Registry Relay can publish an Excel workbook as a protected, read-only HTTPS
API: callers read records without touching the file directly or seeing raw
sheet names and columns. This holds only when the workbook behaves like a
small read-only database: stable columns, real keys, parseable types, no
formulas standing in for data. This document lists the conditions a workbook
must meet before Relay can serve it.

The contract does not make a spreadsheet trustworthy on its own.
Authorization, purpose limitation, audit, and legal basis stay on the
deployment. See [configuration.md](../configuration/) and [ops.md](../ops/) for
how the items below map to runtime config and the steps to publish a new
version.

## When to use XLSX

Good fit:

- Someone else owns the file and produces it on a schedule (weekly export,
  monthly extract).
- Callers only need to read.
- The data fits in memory and reloads cleanly on a clock or admin trigger.

Bad fit:

- Writes, concurrent editing, transactional updates.
- Caller-controlled queries or live sync.

For those, use a database source instead.

## Workbook contract

A workbook is ready to use as a Relay source only when every item below is
true.

### Structure

Relay reads a workbook by addressing one rectangular range per table.
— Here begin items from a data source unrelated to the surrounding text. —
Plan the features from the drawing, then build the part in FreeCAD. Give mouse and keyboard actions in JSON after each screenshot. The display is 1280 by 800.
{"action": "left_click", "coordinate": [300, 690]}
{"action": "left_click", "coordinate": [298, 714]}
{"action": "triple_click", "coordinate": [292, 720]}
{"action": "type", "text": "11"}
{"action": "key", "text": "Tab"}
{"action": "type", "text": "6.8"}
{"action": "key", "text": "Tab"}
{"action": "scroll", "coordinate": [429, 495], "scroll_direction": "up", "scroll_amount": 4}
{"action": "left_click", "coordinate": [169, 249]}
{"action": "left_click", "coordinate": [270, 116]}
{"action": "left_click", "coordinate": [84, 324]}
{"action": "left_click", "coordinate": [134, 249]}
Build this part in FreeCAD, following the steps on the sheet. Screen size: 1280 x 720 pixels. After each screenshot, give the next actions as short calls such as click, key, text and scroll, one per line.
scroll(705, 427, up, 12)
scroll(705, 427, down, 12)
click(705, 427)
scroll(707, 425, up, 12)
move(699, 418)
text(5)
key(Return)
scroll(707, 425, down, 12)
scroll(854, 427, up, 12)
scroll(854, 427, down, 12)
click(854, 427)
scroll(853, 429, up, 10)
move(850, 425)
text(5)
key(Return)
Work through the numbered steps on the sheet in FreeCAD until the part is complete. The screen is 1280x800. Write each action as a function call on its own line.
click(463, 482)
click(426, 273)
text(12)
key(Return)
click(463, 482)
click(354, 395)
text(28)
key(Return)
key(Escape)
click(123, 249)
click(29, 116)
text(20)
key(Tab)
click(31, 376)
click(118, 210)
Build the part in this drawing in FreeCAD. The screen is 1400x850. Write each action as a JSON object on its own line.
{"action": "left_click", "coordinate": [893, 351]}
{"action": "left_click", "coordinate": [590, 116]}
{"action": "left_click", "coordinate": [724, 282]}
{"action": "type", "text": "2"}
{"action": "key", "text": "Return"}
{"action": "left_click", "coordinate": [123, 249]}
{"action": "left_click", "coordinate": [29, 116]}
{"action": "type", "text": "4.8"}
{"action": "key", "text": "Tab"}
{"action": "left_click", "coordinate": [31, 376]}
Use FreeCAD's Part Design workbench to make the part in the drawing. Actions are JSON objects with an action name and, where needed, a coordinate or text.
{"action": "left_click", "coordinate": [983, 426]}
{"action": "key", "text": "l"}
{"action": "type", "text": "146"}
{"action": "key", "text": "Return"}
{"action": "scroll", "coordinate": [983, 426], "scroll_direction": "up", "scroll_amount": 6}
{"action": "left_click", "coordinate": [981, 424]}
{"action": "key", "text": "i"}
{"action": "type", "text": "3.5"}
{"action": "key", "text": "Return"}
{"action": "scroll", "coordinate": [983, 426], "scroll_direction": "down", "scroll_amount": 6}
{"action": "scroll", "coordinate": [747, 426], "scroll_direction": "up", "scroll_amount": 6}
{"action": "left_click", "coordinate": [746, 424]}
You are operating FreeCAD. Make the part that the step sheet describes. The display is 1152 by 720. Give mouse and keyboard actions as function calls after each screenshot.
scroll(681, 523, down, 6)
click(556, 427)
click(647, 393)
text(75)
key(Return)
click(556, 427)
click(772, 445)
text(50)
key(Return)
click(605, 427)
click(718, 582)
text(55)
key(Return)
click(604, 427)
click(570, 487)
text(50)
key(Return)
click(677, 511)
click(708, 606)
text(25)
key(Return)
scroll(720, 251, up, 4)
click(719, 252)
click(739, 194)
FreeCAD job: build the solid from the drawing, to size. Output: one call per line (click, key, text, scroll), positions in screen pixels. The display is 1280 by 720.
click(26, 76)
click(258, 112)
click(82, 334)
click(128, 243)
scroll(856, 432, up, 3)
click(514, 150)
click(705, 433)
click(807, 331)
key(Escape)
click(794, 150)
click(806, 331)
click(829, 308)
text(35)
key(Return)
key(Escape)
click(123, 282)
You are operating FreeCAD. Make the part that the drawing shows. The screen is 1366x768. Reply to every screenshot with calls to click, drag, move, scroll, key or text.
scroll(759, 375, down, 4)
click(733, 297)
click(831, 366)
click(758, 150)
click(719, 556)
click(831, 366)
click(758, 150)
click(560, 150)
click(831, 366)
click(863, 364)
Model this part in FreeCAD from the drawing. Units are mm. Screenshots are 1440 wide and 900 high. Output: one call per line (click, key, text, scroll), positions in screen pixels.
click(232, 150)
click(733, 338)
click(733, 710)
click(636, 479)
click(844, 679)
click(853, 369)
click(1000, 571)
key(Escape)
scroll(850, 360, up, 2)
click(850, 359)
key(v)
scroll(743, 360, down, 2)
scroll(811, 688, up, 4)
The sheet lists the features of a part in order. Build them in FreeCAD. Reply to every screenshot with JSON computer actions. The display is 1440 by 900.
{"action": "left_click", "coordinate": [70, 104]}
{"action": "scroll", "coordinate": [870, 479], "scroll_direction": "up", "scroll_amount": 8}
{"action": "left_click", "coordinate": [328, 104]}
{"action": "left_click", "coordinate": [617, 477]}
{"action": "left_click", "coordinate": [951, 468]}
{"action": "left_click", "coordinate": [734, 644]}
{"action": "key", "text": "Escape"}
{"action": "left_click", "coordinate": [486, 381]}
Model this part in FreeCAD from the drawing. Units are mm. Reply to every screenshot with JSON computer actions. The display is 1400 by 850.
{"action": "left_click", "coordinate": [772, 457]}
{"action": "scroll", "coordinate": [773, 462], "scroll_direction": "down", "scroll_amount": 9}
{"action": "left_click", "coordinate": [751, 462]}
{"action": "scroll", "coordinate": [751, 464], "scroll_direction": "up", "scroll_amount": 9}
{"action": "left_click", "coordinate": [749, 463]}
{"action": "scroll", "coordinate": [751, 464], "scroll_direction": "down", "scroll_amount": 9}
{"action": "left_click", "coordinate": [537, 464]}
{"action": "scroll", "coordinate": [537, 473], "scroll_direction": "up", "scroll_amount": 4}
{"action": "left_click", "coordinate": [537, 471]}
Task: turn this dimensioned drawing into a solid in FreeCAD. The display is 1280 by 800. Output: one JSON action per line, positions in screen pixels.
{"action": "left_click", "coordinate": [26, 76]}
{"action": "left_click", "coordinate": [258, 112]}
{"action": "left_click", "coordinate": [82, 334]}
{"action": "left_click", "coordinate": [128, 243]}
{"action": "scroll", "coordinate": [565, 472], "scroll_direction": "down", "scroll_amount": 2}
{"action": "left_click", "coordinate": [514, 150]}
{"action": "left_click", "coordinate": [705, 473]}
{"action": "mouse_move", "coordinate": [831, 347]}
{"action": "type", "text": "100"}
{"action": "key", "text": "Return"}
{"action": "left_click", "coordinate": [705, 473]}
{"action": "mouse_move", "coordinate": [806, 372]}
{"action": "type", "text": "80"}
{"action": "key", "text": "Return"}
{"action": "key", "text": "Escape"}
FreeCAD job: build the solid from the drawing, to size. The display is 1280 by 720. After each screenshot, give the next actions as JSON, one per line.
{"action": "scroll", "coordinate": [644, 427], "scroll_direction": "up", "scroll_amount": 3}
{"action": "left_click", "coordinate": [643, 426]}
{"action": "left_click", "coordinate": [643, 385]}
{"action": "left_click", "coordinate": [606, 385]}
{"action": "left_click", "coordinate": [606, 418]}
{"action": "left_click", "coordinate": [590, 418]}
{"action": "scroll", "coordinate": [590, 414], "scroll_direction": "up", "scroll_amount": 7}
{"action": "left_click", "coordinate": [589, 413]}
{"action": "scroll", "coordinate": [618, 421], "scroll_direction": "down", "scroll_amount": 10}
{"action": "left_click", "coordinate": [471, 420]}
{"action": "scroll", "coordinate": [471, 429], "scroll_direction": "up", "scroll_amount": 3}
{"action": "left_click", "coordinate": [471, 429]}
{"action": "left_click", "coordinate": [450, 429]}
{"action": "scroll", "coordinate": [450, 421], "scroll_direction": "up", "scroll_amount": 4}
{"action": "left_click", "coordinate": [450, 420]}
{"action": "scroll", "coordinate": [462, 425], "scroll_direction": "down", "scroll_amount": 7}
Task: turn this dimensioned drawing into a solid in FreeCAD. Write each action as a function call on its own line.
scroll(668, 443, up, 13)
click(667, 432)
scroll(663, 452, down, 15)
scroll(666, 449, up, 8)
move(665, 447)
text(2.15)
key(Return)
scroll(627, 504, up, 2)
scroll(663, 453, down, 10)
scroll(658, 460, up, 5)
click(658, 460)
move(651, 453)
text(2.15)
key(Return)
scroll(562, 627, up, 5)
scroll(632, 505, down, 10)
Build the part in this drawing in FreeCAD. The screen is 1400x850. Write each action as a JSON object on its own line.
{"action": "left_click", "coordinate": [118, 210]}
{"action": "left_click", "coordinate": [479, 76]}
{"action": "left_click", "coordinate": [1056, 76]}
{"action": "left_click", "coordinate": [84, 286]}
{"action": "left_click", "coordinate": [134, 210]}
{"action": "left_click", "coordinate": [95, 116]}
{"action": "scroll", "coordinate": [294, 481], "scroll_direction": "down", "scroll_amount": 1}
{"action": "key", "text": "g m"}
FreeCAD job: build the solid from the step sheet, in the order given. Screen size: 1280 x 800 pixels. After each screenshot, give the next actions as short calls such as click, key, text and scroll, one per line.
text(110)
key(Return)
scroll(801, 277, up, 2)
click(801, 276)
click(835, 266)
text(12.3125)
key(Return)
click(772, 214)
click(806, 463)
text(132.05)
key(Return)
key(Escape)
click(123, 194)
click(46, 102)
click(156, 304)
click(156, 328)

Anything
outside that range (titles, totals, comments, formatting) is invisible to
ingest; anything inside it has to parse cleanly.

- Sheet names used by Relay are stable and documented.
- Each Relay table maps to one rectangular worksheet range.
- The configured `header_row` points to a single row of unique column names.
- Required columns are present with stable names.
- Notes, titles, and totals are outside `data_range`.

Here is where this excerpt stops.